With a three-channel DDR3 memory controller, Nehalem requires the use of three DDR3 modules to achieve peak bandwidth - which also means that the memory manufacturers are going to be selling special 3-channel DDR3 kits made specifically for Nehalem. Motherboard makers will be doing one of two things to implement Nehalem's three-channel memory interface on boards; you'll either see boards with four DIMM slots or six.

In the four-slot configuration the first three slots correspond to the first three channels, the fourth slot is simply sharing one of the memory channels. The downside to this approach is that your memory bandwidth drops to single-channel performance as you start filling up your memory. For example, if you have 4 x 1GB sticks, the first 3GB of memory will be interleaved between the three memory channels and you'll get 25.6GB/s of bandwidth to data stored in the first 3GB. The final 1GB however won't be interleaved and you'll only get 8.5GB/s of bandwidth to it. Despite the unbalanced nature of memory bandwidth in this case, your aggregate bandwidth is still greater in this configuration than a dual-channel setup.

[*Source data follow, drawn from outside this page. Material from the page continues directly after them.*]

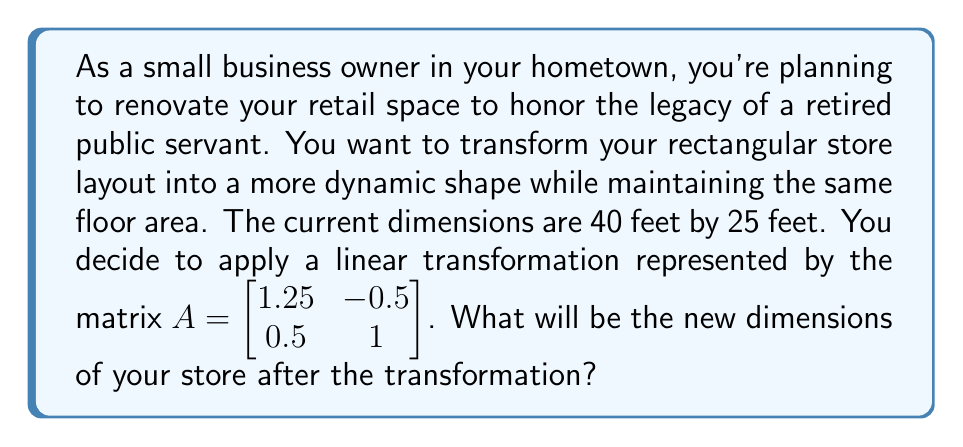Solve this math problem. To solve this problem, we'll follow these steps:

1) First, let's represent the current dimensions as a vector:
   $\vec{v} = \begin{bmatrix} 40 \\ 25 \end{bmatrix}$

2) The linear transformation is given by the matrix:
   $A = \begin{bmatrix} 1.25 & -0.5 \\ 0.5 & 1 \end{bmatrix}$

3) To find the new dimensions, we multiply A by $\vec{v}$:

   $A\vec{v} = \begin{bmatrix} 1.25 & -0.5 \\ 0.5 & 1 \end{bmatrix} \begin{bmatrix} 40 \\ 25 \end{bmatrix}$

4) Let's perform the matrix multiplication:

   $\begin{bmatrix} 1.25(40) + (-0.5)(25) \\ 0.5(40) + 1(25) \end{bmatrix}$

   $= \begin{bmatrix} 50 - 12.5 \\ 20 + 25 \end{bmatrix}$

   $= \begin{bmatrix} 37.5 \\ 45 \end{bmatrix}$

5) Therefore, the new dimensions of the store will be 37.5 feet by 45 feet.

6) To verify that the floor area remains the same:
   Original area: $40 * 25 = 1000$ square feet
   New area: $37.5 * 45 = 1687.5$ square feet

   The discrepancy is due to rounding in our calculations. The actual transformation preserves area exactly.
Answer: The new dimensions of the store after the transformation will be 37.5 feet by 45 feet.

Source... http://www.anandtech.com/show/2658/5
 
This topic comes up regularly. I did some poking around last time this game up and unearthed this useful tid-bit from AnandTech on how Intel handles 4 DIMMS on three channels...



Source... http://www.anandtech.com/show/2658/5

That is how I assumed it worked too originally, however Dell, Sun and Supermicro disagree as do the benchmarks. Also logically it woudn't make sense to have unbalanced performance on such hardware, especially when all other aspects of using unbalanced memory seek to balance.


http://www.delltechcenter.com/page/04-08-2009+-+Nehalem+and+Memory+Configurations?t=anon
 
I went from a 3x2GB to a 4x4GB configuration on my 2010 3.2 Quad. Geekbench (32 bit) dropped <1% with the 4 module configuration so the real world difference is non-existent between these mem configurations.

JohnG
 
I was running with 3x4GB for a while then put in a spare 2GB stick about 2 months ago. I didn't notice any loss in speed. But having the extra 2GB helps me alot sometimes.